> _What to do_
Output the lines of the records below exactly, beginning at their first line and ending at the line with "communications per year?"; include no pictures.

> _Material provided_
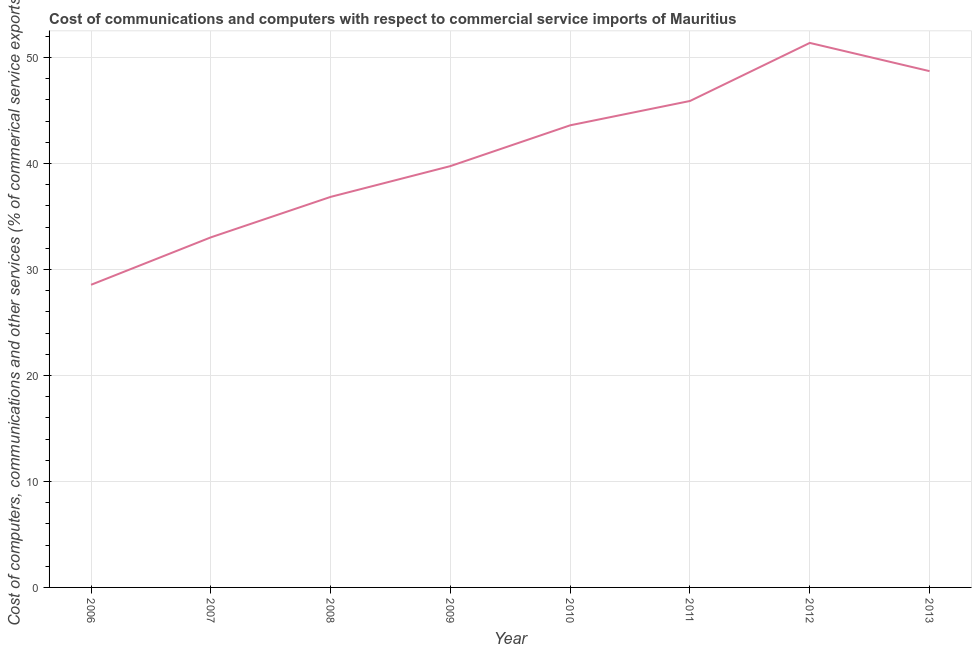What is the cost of communications in 2009?
Your answer should be very brief. 39.76. Across all years, what is the maximum  computer and other services?
Make the answer very short. 51.38. Across all years, what is the minimum  computer and other services?
Your response must be concise. 28.56. What is the sum of the  computer and other services?
Your response must be concise. 327.82. What is the difference between the cost of communications in 2011 and 2013?
Ensure brevity in your answer.  -2.82. What is the average cost of communications per year?
Provide a succinct answer. 40.98. What is the median cost of communications?
Give a very brief answer. 41.68. What is the ratio of the  computer and other services in 2009 to that in 2012?
Your response must be concise. 0.77. Is the cost of communications in 2007 less than that in 2009?
Keep it short and to the point. Yes. What is the difference between the highest and the second highest cost of communications?
Give a very brief answer. 2.66. Is the sum of the cost of communications in 2006 and 2010 greater than the maximum cost of communications across all years?
Your answer should be very brief. Yes. What is the difference between the highest and the lowest cost of communications?
Your response must be concise. 22.82. In how many years, is the cost of communications greater than the average cost of communications taken over all years?
Your answer should be very brief. 4. How many years are there in the graph?
Provide a short and direct response. 8. What is the difference between two consecutive major ticks on the Y-axis?
Keep it short and to the point. 10. What is the title of the graph?
Keep it short and to the point. Cost of communications and computers with respect to commercial service imports of Mauritius. What is the label or title of the X-axis?
Offer a very short reply. Year. What is the label or title of the Y-axis?
Offer a very short reply. Cost of computers, communications and other services (% of commerical service exports). What is the Cost of computers, communications and other services (% of commerical service exports) of 2006?
Provide a succinct answer. 28.56. What is the Cost of computers, communications and other services (% of commerical service exports) of 2007?
Your answer should be compact. 33.04. What is the Cost of computers, communications and other services (% of commerical service exports) of 2008?
Offer a very short reply. 36.85. What is the Cost of computers, communications and other services (% of commerical service exports) of 2009?
Provide a succinct answer. 39.76. What is the Cost of computers, communications and other services (% of commerical service exports) in 2010?
Give a very brief answer. 43.61. What is the Cost of computers, communications and other services (% of commerical service exports) in 2011?
Give a very brief answer. 45.9. What is the Cost of computers, communications and other services (% of commerical service exports) in 2012?
Your answer should be compact. 51.38. What is the Cost of computers, communications and other services (% of commerical service exports) of 2013?
Offer a very short reply. 48.72. What is the difference between the Cost of computers, communications and other services (% of commerical service exports) in 2006 and 2007?
Keep it short and to the point. -4.48. What is the difference between the Cost of computers, communications and other services (% of commerical service exports) in 2006 and 2008?
Offer a terse response. -8.3. What is the difference between the Cost of computers, communications and other services (% of commerical service exports) in 2006 and 2009?
Provide a short and direct response. -11.2. What is the difference between the Cost of computers, communications and other services (% of commerical service exports) in 2006 and 2010?
Keep it short and to the point. -15.05. What is the difference between the Cost of computers, communications and other services (% of commerical service exports) in 2006 and 2011?
Your answer should be very brief. -17.35. What is the difference between the Cost of computers, communications and other services (% of commerical service exports) in 2006 and 2012?
Your answer should be very brief. -22.82. What is the difference between the Cost of computers, communications and other services (% of commerical service exports) in 2006 and 2013?
Offer a terse response. -20.16. What is the difference between the Cost of computers, communications and other services (% of commerical service exports) in 2007 and 2008?
Your answer should be compact. -3.82. What is the difference between the Cost of computers, communications and other services (% of commerical service exports) in 2007 and 2009?
Ensure brevity in your answer.  -6.72. What is the difference between the Cost of computers, communications and other services (% of commerical service exports) in 2007 and 2010?
Your response must be concise. -10.57. What is the difference between the Cost of computers, communications and other services (% of commerical service exports) in 2007 and 2011?
Make the answer very short. -12.87. What is the difference between the Cost of computers, communications and other services (% of commerical service exports) in 2007 and 2012?
Your response must be concise. -18.35. What is the difference between the Cost of computers, communications and other services (% of commerical service exports) in 2007 and 2013?
Your response must be concise. -15.68. What is the difference between the Cost of computers, communications and other services (% of commerical service exports) in 2008 and 2009?
Your answer should be very brief. -2.91. What is the difference between the Cost of computers, communications and other services (% of commerical service exports) in 2008 and 2010?
Provide a succinct answer. -6.75. What is the difference between the Cost of computers, communications and other services (% of commerical service exports) in 2008 and 2011?
Provide a short and direct response. -9.05. What is the difference between the Cost of computers, communications and other services (% of commerical service exports) in 2008 and 2012?
Ensure brevity in your answer.  -14.53. What is the difference between the Cost of computers, communications and other services (% of commerical service exports) in 2008 and 2013?
Ensure brevity in your answer.  -11.87. What is the difference between the Cost of computers, communications and other services (% of commerical service exports) in 2009 and 2010?
Your answer should be very brief. -3.85. What is the difference between the Cost of computers, communications and other services (% of commerical service exports) in 2009 and 2011?
Offer a terse response. -6.14. What is the difference between the Cost of computers, communications and other services (% of commerical service exports) in 2009 and 2012?
Your answer should be compact. -11.62. What is the difference between the Cost of computers, communications and other services (% of commerical service exports) in 2009 and 2013?
Ensure brevity in your answer.  -8.96. What is the difference between the Cost of computers, communications and other services (% of commerical service exports) in 2010 and 2011?
Keep it short and to the point. -2.3. What is the difference between the Cost of computers, communications and other services (% of commerical service exports) in 2010 and 2012?
Your response must be concise. -7.77. What is the difference between the Cost of computers, communications and other services (% of commerical service exports) in 2010 and 2013?
Provide a succinct answer. -5.11. What is the difference between the Cost of computers, communications and other services (% of commerical service exports) in 2011 and 2012?
Give a very brief answer. -5.48. What is the difference between the Cost of computers, communications and other services (% of commerical service exports) in 2011 and 2013?
Give a very brief answer. -2.82. What is the difference between the Cost of computers, communications and other services (% of commerical service exports) in 2012 and 2013?
Ensure brevity in your answer.  2.66. What is the ratio of the Cost of computers, communications and other services (% of commerical service exports) in 2006 to that in 2007?
Make the answer very short. 0.86. What is the ratio of the Cost of computers, communications and other services (% of commerical service exports) in 2006 to that in 2008?
Make the answer very short. 0.78. What is the ratio of the Cost of computers, communications and other services (% of commerical service exports) in 2006 to that in 2009?
Offer a very short reply. 0.72. What is the ratio of the Cost of computers, communications and other services (% of commerical service exports) in 2006 to that in 2010?
Your answer should be compact. 0.66. What is the ratio of the Cost of computers, communications and other services (% of commerical service exports) in 2006 to that in 2011?
Your response must be concise. 0.62. What is the ratio of the Cost of computers, communications and other services (% of commerical service exports) in 2006 to that in 2012?
Your answer should be compact. 0.56. What is the ratio of the Cost of computers, communications and other services (% of commerical service exports) in 2006 to that in 2013?
Give a very brief answer. 0.59. What is the ratio of the Cost of computers, communications and other services (% of commerical service exports) in 2007 to that in 2008?
Make the answer very short. 0.9. What is the ratio of the Cost of computers, communications and other services (% of commerical service exports) in 2007 to that in 2009?
Give a very brief answer. 0.83. What is the ratio of the Cost of computers, communications and other services (% of commerical service exports) in 2007 to that in 2010?
Make the answer very short. 0.76. What is the ratio of the Cost of computers, communications and other services (% of commerical service exports) in 2007 to that in 2011?
Provide a short and direct response. 0.72. What is the ratio of the Cost of computers, communications and other services (% of commerical service exports) in 2007 to that in 2012?
Offer a very short reply. 0.64. What is the ratio of the Cost of computers, communications and other services (% of commerical service exports) in 2007 to that in 2013?
Offer a very short reply. 0.68. What is the ratio of the Cost of computers, communications and other services (% of commerical service exports) in 2008 to that in 2009?
Ensure brevity in your answer.  0.93. What is the ratio of the Cost of computers, communications and other services (% of commerical service exports) in 2008 to that in 2010?
Offer a very short reply. 0.84. What is the ratio of the Cost of computers, communications and other services (% of commerical service exports) in 2008 to that in 2011?
Provide a short and direct response. 0.8. What is the ratio of the Cost of computers, communications and other services (% of commerical service exports) in 2008 to that in 2012?
Offer a very short reply. 0.72. What is the ratio of the Cost of computers, communications and other services (% of commerical service exports) in 2008 to that in 2013?
Offer a very short reply. 0.76. What is the ratio of the Cost of computers, communications and other services (% of commerical service exports) in 2009 to that in 2010?
Your answer should be compact. 0.91. What is the ratio of the Cost of computers, communications and other services (% of commerical service exports) in 2009 to that in 2011?
Make the answer very short. 0.87. What is the ratio of the Cost of computers, communications and other services (% of commerical service exports) in 2009 to that in 2012?
Give a very brief answer. 0.77. What is the ratio of the Cost of computers, communications and other services (% of commerical service exports) in 2009 to that in 2013?
Offer a terse response. 0.82. What is the ratio of the Cost of computers, communications and other services (% of commerical service exports) in 2010 to that in 2012?
Offer a very short reply. 0.85. What is the ratio of the Cost of computers, communications and other services (% of commerical service exports) in 2010 to that in 2013?
Ensure brevity in your answer.  0.9. What is the ratio of the Cost of computers, communications and other services (% of commerical service exports) in 2011 to that in 2012?
Your response must be concise. 0.89. What is the ratio of the Cost of computers, communications and other services (% of commerical service exports) in 2011 to that in 2013?
Your answer should be very brief. 0.94. What is the ratio of the Cost of computers, communications and other services (% of commerical service exports) in 2012 to that in 2013?
Make the answer very short. 1.05.

> _Solution for this problem_
What is the cost of communications in 2009?
Your answer should be very brief. 39.76. Across all years, what is the maximum  computer and other services?
Make the answer very short. 51.38. Across all years, what is the minimum  computer and other services?
Your response must be concise. 28.56. What is the sum of the  computer and other services?
Your response must be concise. 327.82. What is the difference between the cost of communications in 2011 and 2013?
Ensure brevity in your answer.  -2.82. What is the average cost of communications per year?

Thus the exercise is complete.